Mayor Steve Bullock, re-elected on the back of a local Labour landslide, has said cuts will be the "worst in living memory". The council has to reduce spending by £60m over three years, which is £1 out of every £4 currently spent in the borough. Understandably, bloggers have been looking at the detail.
Alongside the sad and unsurprising job losses (aren't our social workers, et al, already massively overstretched?) are proposed cutbacks everyone will be able to see. There's outcry over the proposal to close five libraries. Blackheath, Crofton Park, Grove Park, New Cross and Sydenham are the ones under threat, galling after Culture Minister Ed Vaizey recently declared that "libraries create readers" at a speech to the Free Word Centre.
Deptford Dame notes plans to reduce street cleaning in an area that - much as we love it - desperately needs more, not less. Permanently closing automated loos is mooted, despite two new ones just being installed in Deptford, and if someone nicks your wheelie bin be prepared to pay £20 for a new one. Investment in parks is also due to be cut by a third a year for the next three years. It all just sounds generally miserable.
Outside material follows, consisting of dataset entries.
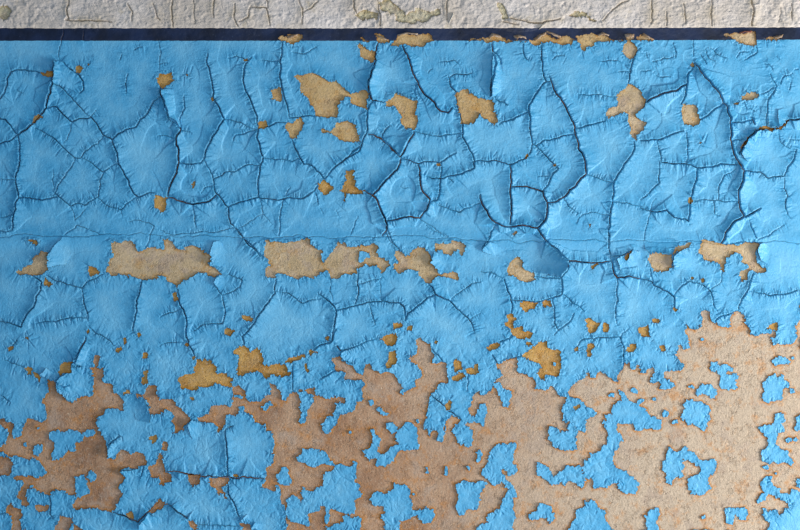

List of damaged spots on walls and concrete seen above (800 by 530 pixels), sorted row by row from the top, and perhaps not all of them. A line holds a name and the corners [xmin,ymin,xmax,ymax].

peeling [469,31,654,60]
peeling [294,73,369,143]
peeling [385,83,418,130]
peeling [455,89,498,125]
peeling [606,84,647,141]
crack [0,14,800,382]
peeling [88,238,228,302]
peeling [264,238,466,284]
peeling [644,239,770,283]
crack [56,332,113,402]
peeling [0,310,800,530]
crack [112,426,262,530]

Cuts to council expenditure won't just be limited to Lewisham. Part of the Chancellor's deal for freezing our council tax was that councils would limit spending, not to mention general departmental reining in. Enfield has to find £6.8m in savings and it's reported Greenwich is looking at £26.8m in cutbacks. What's happening in Lewisham today might well be happening next door to you tomorrow.